(Records contained in a dataset)
-=-=-
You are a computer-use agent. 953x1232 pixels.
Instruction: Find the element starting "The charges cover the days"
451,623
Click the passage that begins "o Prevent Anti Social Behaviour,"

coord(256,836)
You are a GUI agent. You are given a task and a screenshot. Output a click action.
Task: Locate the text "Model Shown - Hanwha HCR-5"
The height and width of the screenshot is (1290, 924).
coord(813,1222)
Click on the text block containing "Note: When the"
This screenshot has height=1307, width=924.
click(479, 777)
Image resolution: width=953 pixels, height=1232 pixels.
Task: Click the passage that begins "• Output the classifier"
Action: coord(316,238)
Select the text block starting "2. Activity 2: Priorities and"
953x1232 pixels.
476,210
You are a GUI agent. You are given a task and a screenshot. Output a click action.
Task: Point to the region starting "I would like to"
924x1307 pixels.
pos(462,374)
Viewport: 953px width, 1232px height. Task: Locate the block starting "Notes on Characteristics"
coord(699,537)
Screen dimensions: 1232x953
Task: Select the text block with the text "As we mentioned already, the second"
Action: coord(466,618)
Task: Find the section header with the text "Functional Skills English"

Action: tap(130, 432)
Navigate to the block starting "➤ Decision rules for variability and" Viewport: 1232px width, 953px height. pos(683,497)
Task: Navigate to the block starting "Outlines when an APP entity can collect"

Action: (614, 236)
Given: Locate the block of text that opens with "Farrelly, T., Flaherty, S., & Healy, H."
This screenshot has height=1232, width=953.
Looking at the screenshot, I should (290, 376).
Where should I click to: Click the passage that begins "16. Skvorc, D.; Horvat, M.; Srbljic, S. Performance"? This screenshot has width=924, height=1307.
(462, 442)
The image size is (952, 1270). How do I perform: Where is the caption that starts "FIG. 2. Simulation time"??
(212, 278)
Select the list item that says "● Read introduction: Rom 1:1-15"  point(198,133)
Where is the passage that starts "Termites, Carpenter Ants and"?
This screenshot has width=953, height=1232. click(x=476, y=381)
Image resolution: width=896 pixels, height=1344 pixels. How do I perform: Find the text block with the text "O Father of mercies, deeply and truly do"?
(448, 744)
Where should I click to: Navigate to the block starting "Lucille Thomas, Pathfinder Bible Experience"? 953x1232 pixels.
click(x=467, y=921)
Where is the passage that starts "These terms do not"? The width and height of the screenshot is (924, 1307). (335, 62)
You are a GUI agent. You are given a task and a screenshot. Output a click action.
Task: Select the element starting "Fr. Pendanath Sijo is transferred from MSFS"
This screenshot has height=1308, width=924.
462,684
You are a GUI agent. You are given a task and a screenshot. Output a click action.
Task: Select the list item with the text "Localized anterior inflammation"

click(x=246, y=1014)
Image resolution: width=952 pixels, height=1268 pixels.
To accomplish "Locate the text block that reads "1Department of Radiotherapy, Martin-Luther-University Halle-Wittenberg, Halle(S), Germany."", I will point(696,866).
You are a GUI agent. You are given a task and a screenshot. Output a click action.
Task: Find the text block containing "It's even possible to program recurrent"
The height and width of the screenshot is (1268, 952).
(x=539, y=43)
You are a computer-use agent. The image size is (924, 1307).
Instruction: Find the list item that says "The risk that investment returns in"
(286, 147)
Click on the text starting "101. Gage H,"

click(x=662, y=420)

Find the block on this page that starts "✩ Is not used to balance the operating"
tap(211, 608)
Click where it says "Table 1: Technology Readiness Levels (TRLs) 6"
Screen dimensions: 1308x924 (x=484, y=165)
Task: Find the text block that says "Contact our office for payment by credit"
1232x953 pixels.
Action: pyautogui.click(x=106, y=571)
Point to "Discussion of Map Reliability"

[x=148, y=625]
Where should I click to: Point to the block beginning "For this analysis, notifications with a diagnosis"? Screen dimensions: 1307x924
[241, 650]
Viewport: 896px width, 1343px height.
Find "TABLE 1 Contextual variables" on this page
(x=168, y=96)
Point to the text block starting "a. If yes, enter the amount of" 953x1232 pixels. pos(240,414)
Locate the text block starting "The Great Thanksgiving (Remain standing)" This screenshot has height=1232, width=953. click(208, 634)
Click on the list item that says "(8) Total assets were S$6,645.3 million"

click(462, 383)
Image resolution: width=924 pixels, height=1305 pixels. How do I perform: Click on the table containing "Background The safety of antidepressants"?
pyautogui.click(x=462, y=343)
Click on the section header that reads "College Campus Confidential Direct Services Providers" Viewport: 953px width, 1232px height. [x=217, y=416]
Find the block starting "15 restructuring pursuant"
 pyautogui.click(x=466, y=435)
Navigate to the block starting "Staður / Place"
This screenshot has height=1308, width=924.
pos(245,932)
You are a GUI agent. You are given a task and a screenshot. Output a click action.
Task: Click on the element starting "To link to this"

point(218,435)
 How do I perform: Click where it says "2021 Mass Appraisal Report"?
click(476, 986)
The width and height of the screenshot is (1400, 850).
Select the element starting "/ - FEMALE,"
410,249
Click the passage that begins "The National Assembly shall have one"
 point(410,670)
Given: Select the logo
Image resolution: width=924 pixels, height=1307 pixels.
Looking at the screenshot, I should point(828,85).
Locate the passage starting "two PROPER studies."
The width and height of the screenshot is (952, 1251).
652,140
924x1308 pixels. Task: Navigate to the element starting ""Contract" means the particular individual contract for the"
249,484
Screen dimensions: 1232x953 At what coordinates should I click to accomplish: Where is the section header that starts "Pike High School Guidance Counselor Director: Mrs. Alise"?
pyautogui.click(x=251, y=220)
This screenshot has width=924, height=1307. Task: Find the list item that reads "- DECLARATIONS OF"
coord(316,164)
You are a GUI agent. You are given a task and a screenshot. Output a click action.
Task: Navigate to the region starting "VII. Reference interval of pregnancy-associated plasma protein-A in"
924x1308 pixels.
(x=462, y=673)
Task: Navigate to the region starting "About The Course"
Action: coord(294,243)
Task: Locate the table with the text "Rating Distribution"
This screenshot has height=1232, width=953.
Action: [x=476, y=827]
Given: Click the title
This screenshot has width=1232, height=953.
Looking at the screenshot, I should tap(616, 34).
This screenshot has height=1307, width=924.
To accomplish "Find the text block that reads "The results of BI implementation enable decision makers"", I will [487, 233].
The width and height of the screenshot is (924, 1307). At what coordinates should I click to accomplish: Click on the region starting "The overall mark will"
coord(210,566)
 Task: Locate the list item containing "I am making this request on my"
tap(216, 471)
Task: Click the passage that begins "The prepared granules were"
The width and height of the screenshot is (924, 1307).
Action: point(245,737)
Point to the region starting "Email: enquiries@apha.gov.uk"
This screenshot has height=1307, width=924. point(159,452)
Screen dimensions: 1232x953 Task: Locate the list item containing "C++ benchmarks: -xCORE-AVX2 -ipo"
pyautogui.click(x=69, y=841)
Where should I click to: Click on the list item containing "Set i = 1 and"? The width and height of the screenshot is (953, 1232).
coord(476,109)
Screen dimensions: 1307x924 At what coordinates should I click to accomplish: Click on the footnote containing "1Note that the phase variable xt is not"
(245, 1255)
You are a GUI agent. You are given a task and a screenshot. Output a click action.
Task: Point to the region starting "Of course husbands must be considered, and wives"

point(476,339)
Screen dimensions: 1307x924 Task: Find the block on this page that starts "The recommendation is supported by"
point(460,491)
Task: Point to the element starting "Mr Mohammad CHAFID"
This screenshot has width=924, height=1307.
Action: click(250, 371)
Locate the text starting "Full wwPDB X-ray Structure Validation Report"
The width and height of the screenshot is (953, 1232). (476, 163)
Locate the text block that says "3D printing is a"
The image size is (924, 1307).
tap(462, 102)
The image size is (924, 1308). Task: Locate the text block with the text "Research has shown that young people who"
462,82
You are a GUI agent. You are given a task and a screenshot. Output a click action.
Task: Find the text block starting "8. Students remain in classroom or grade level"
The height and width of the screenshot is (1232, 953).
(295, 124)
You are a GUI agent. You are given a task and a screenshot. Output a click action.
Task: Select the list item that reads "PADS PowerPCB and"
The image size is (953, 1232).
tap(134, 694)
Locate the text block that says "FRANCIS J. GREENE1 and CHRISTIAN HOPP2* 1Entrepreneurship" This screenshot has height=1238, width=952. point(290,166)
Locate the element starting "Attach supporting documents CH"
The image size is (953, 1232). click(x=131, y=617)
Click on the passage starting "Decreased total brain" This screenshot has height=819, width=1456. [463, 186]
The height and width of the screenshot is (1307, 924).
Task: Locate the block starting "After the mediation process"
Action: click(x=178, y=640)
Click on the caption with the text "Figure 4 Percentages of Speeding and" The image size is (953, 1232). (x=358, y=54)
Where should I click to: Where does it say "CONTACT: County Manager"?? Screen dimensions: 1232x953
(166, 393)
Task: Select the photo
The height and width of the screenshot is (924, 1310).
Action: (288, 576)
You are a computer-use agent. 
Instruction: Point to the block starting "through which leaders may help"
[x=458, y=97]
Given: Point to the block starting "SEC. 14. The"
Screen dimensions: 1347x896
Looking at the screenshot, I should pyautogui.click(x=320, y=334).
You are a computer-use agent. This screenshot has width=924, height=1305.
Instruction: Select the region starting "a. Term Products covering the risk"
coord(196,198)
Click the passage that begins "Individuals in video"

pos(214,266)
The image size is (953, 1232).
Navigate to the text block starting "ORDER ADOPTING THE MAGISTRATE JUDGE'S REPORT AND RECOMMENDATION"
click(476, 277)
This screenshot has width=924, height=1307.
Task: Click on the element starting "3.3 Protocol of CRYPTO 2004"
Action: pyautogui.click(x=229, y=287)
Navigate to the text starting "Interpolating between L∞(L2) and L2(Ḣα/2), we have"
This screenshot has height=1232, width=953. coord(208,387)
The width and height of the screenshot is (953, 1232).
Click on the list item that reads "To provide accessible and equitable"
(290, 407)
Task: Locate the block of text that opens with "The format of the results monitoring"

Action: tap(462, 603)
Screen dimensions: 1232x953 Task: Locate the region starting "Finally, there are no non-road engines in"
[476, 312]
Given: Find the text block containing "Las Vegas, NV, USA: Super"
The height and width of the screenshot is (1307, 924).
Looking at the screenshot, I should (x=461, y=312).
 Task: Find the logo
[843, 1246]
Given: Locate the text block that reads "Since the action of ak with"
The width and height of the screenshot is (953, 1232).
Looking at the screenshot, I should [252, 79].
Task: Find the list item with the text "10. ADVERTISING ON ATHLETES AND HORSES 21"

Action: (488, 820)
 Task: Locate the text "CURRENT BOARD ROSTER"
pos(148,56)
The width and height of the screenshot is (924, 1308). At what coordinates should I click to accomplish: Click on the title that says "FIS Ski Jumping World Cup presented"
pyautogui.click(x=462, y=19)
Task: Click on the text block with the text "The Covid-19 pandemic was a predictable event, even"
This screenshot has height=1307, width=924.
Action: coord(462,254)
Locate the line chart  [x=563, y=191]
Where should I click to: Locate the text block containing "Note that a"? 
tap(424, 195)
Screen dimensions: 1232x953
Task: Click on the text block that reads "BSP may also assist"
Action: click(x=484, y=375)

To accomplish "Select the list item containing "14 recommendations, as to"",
-=-=-
◆ **Activity**
Write down, word for word, the lines above from the one containing "Image resolution: width=896" through the one containing "1307). (335, 62)", both ends included.

◆ **Solution below**
Image resolution: width=896 pixels, height=1344 pixels. How do I perform: Find the text block with the text "O Father of mercies, deeply and truly do"?
(448, 744)
Where should I click to: Navigate to the block starting "Lucille Thomas, Pathfinder Bible Experience"? 953x1232 pixels.
click(x=467, y=921)
Where is the passage that starts "These terms do not"? The width and height of the screenshot is (924, 1307). (335, 62)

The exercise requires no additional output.